Wy jesteście solą dla ziemi - Mt 5, 13-16

(fot. the tαttσσed tentαcle/flickr.com)
Stanisław Biel SJ

Wy jesteście solą dla ziemi. Lecz jeśli sól utraci swój smak, czymże ją posolić? Na nic się już nie przyda, chyba na wyrzucenie i podeptanie przez ludzi. Wy jesteście światłem świata. Nie może się ukryć miasto położone na górze. Nie zapala się też światła i nie stawia pod korcem, ale na świeczniku, aby świeciło wszystkim, którzy są w domu. Tak niech świeci wasze światło przed ludźmi, aby widzieli wasze dobre uczynki i chwalili Ojca waszego, który jest w niebie.

Św. Mateusz w dzisiejszej Ewangelii mówi o roli, jaką powinni spełniać uczniowie Jezusa w świecie. Jezus posługuje się dwoma symbolami: solą i światłem.

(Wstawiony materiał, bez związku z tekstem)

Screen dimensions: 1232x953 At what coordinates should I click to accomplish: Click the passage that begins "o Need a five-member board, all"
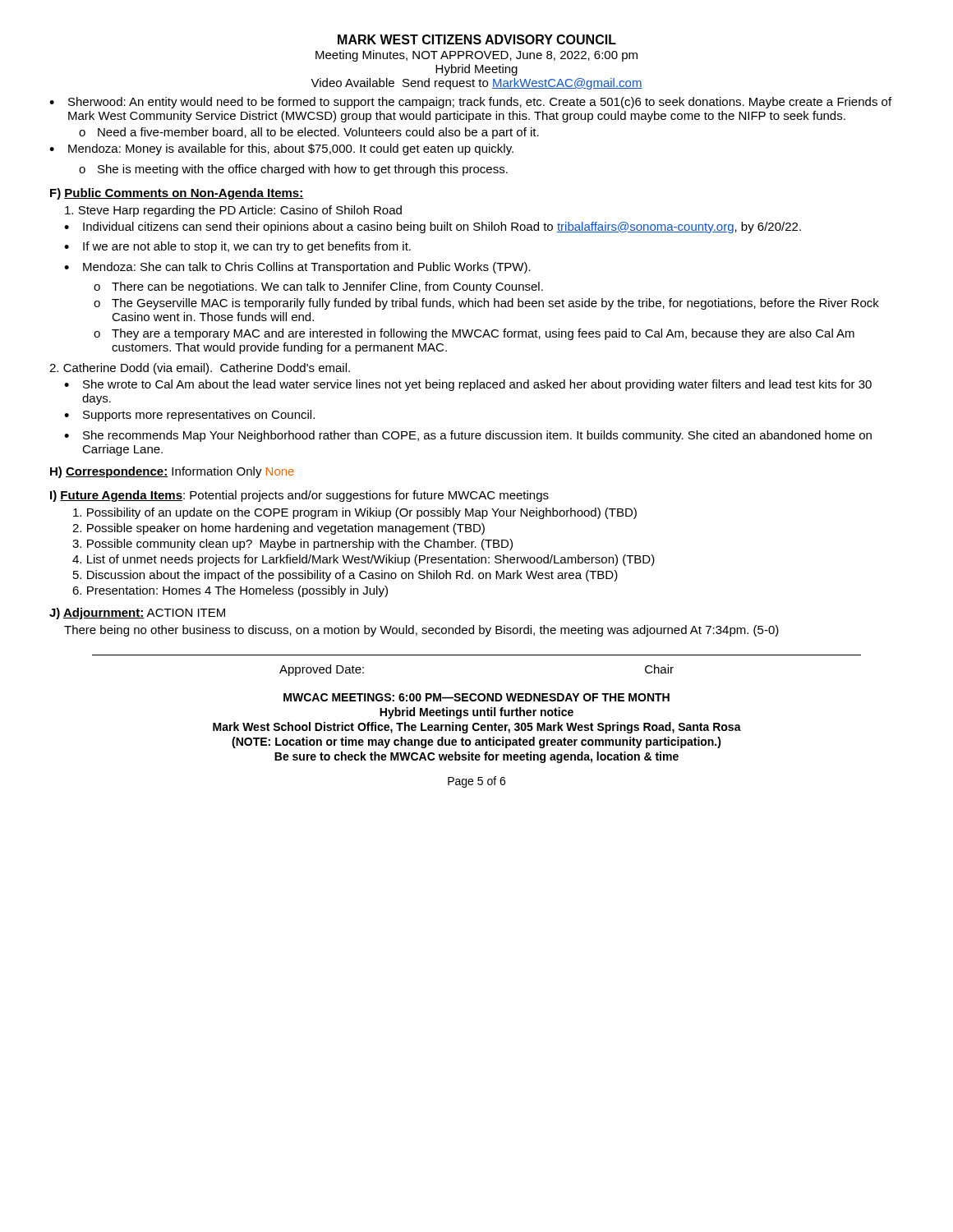(x=309, y=132)
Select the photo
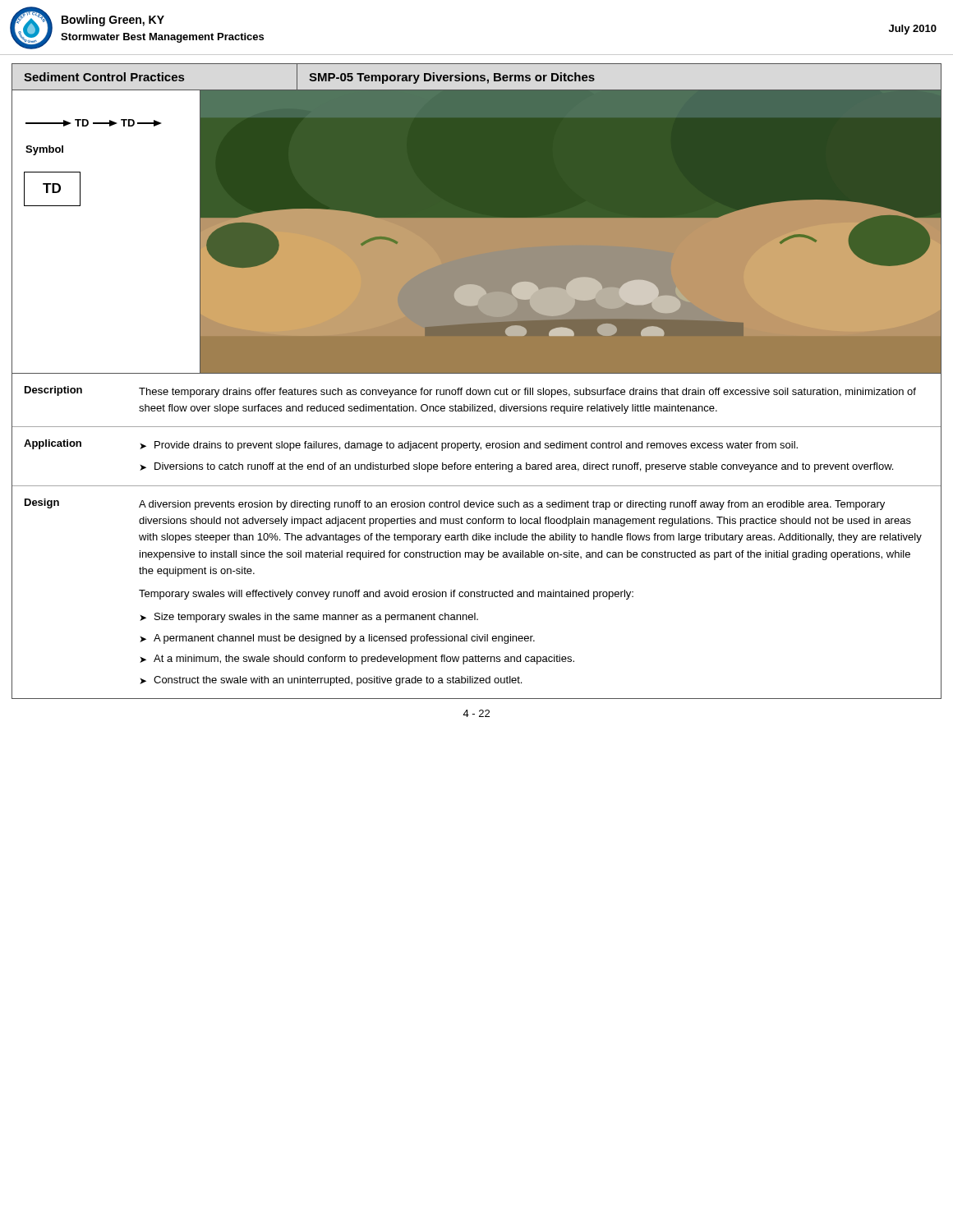Viewport: 953px width, 1232px height. coord(571,231)
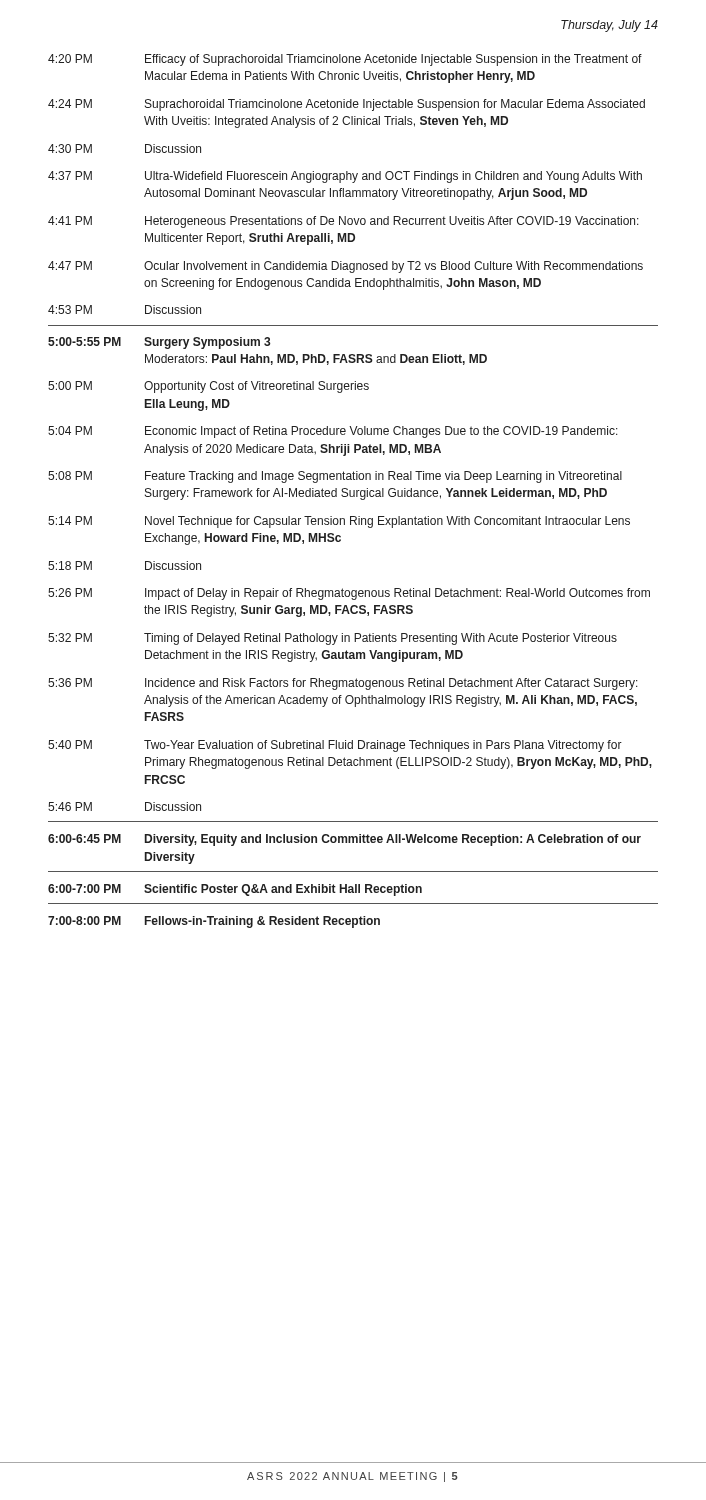The width and height of the screenshot is (706, 1500).
Task: Where is the passage that starts "4:37 PM Ultra-Widefield Fluorescein Angiography"?
Action: click(x=353, y=185)
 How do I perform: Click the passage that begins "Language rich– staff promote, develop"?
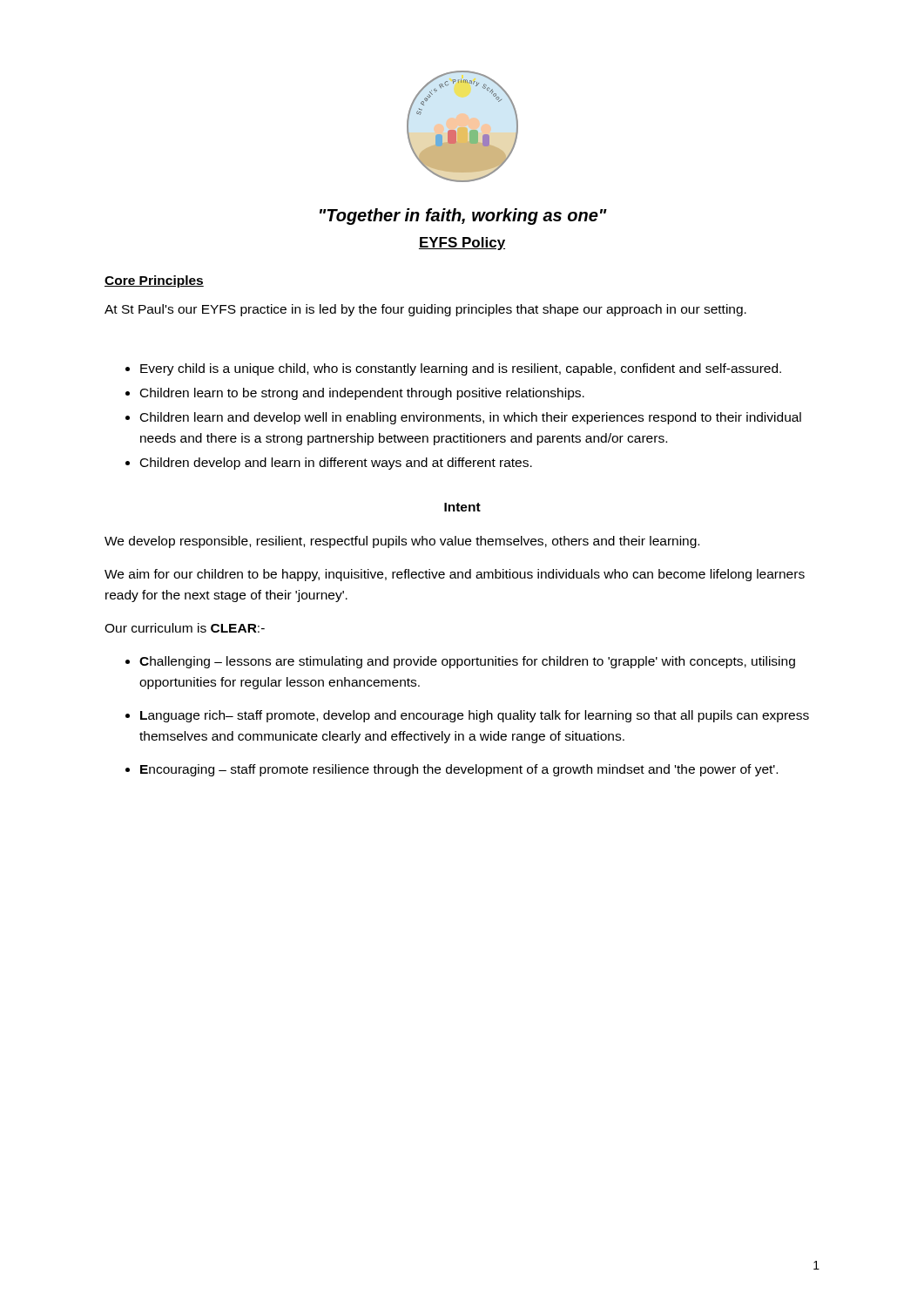(474, 726)

„Wy jesteście solą dla ziemi”. Sól symbolizuje czystość. Starożytni Rzymianie mówili, że jest najczystsza, ponieważ pochodzi od morza i słońca. Sól nadaje smak. Bez soli potrawa nie ma smaku, jest mdła, nieużyteczna. Soli potrzeba wprawdzie niewiele, aby obiad stał się smaczny; a jednak bez tej niewielkiej ilości traci smak. Sól jest także środkiem konserwującym, chroniącym od zepsucia.

Prawdziwi uczniowie Jezusa są solą ziemi. Jest ich mało, a jednak mają przeogromny wpływ. „Mała trzódka”, jak nazywa ich Jezus, przenika cały świat. Jednak sól może utracić swój smak. Jeżeli uczniowie Jezusa stracą miłość do swojego Mistrza, jeżeli będą uczniami w rejestrze, a nie w sercu, to ich wpływ na świat będzie znikomy.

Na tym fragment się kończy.